Iniciamos un viaje por algunos aspectos interesantes de la historia de Andalucía. Mostrar una tierra cargada de oportunidades e irremediablemente dirigida a la más absoluta de la pobreza y al atraso. Emprendemos un periplo por una tierra antigua y cubierta del hermosísimo regalo que le dejo el paso del tiempo.

Muchos han sabido modelar con palabras la hermosura de la tierra hispana, y describir la fascinación que le producía la Bética, la Turdetanía. Algunos de ellos, jamás pisaron el suelo fértil que tanto defendieron en sus escritos, ni contemplaron la riqueza de sus vides o de sus minas. Pero mantuvieron vivo y fomentaron la visión de una región rica y llena de parabienes.

Trogo Pompeyo, Plinio, Justino y Estrabón coinciden en el verdor de los campos, en la luz azul divina de su cielo, en la altivez de sus mujeres y en la enorme riqueza que brindaban sus costas, montañas y tierras.

Era el territorio más idealizado de todos los continentes y tierras habitadas por los hombres. Sus ríos, llenos de vida, Anas, Guadiana el rio de los patos, y el Betis, Guadalquivir inundan de vida y riqueza todos los parajes por los que discurren, haciendo a los hombres que habitan sus tierras felices.

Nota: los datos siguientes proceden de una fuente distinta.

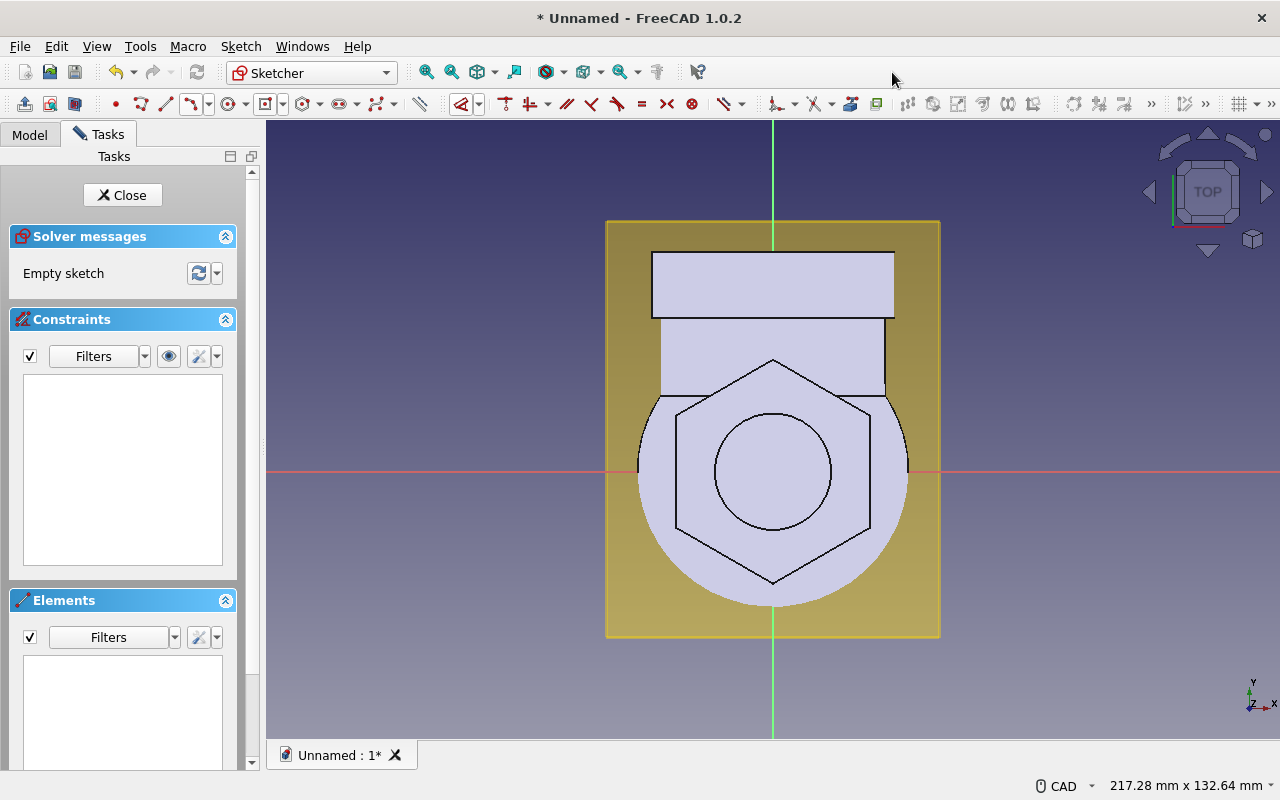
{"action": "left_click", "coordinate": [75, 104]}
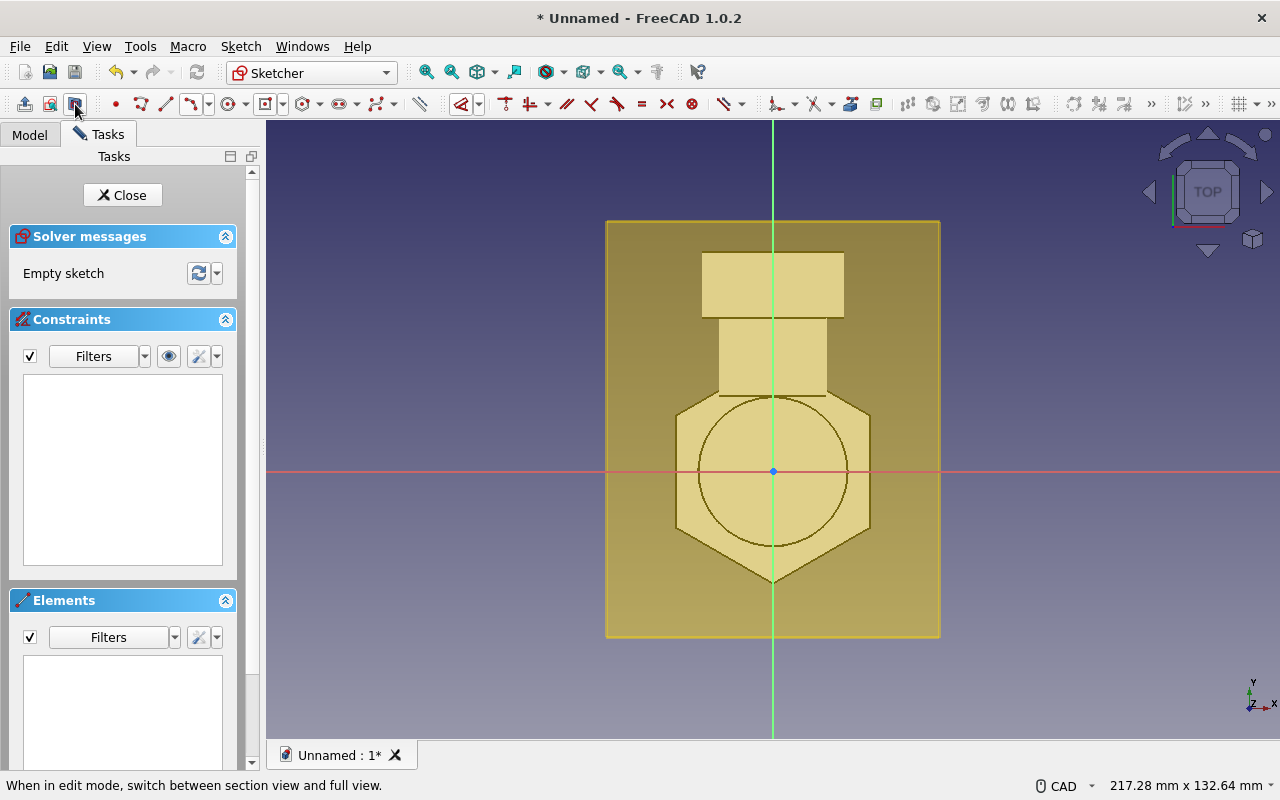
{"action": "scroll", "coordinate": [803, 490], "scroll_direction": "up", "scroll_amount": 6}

Calpe, Algeciras, Punta Paloma y Bolonia inicio de un viaje por el sur desde Roma, los saladeros de Menlaría, al puerto Menesteo del Puerto de Santa María. Cómo no llegarse a los antiguos esteros de Asta y Lebrija, al altivo, dulce faro de Chipiona y al Santuario del Lucero junto a Sanlúcar de Barrameda.

Cruzar su estuario en antiguas galeras para viajar a otros esteros, de ríos llenos del color rojo de las minas, el Tinto, el Odiel, el Piedra. Sin fronteras, sin banderas hasta el cabo San Vicente, en Algarve.

Doscientas ciudades hacia el interior de los ojos de los hombres que nacieron en el tiempo en que se parió la filosofía, Córdoba, Sevilla y Jaén. Y por medio el rio Betis, pudiéndolo todo, mojándolo todo. Bajando hacía el océano al compás de los martillos extrayendo los minerales de Sierra Morena.

Y de la antigüedad clásica de imperios y repúblicas, a la estirpe de los califas y los aguerridos cristianos. Hombres que con atuendos tan llenos de contrastes convirtieron esta dulce tierra en lagar de dátiles y palmeras. No creo en la imposición violenta de aquellos hombres de tez oscura. Soy partidaria más del abrazo tras la batalla de Guadalete, más del recuento de olivos y encinas para comprobar la riqueza de la zona, más del olor azahar de las naranjas y más del esplendor de las perlas y las sedas de la gloriosa Córdoba. Soy más del reflejo de la nieve del Veleta sobre la rica vega. Más de echar la vista al Gibralfaro y al San Cristóbal buscando las apuestas alcazabas malagueña y almeriense.

Abogo por la seducción más que por una lucha encarnizada. El enamoramiento de una tierra sabia a la luz de las mezquitas, al sonido del almuédano y a la visión alucinante de la Alhambra.

Entonces aquellos hombres que usaban el arjamí, se convirtieron en los hombres y mujeres más ricos de la tierra. Emoción o evocación de un sueño, seguramente más irreal que verdadero, pero sin duda envidia absoluta de los emires. La moral, la artesanía, la agricultura e incluso las fiestas marco el sello de la impronta de estos hispanos convertidos al Islam. Un país de occidente anexo del imperio islámico.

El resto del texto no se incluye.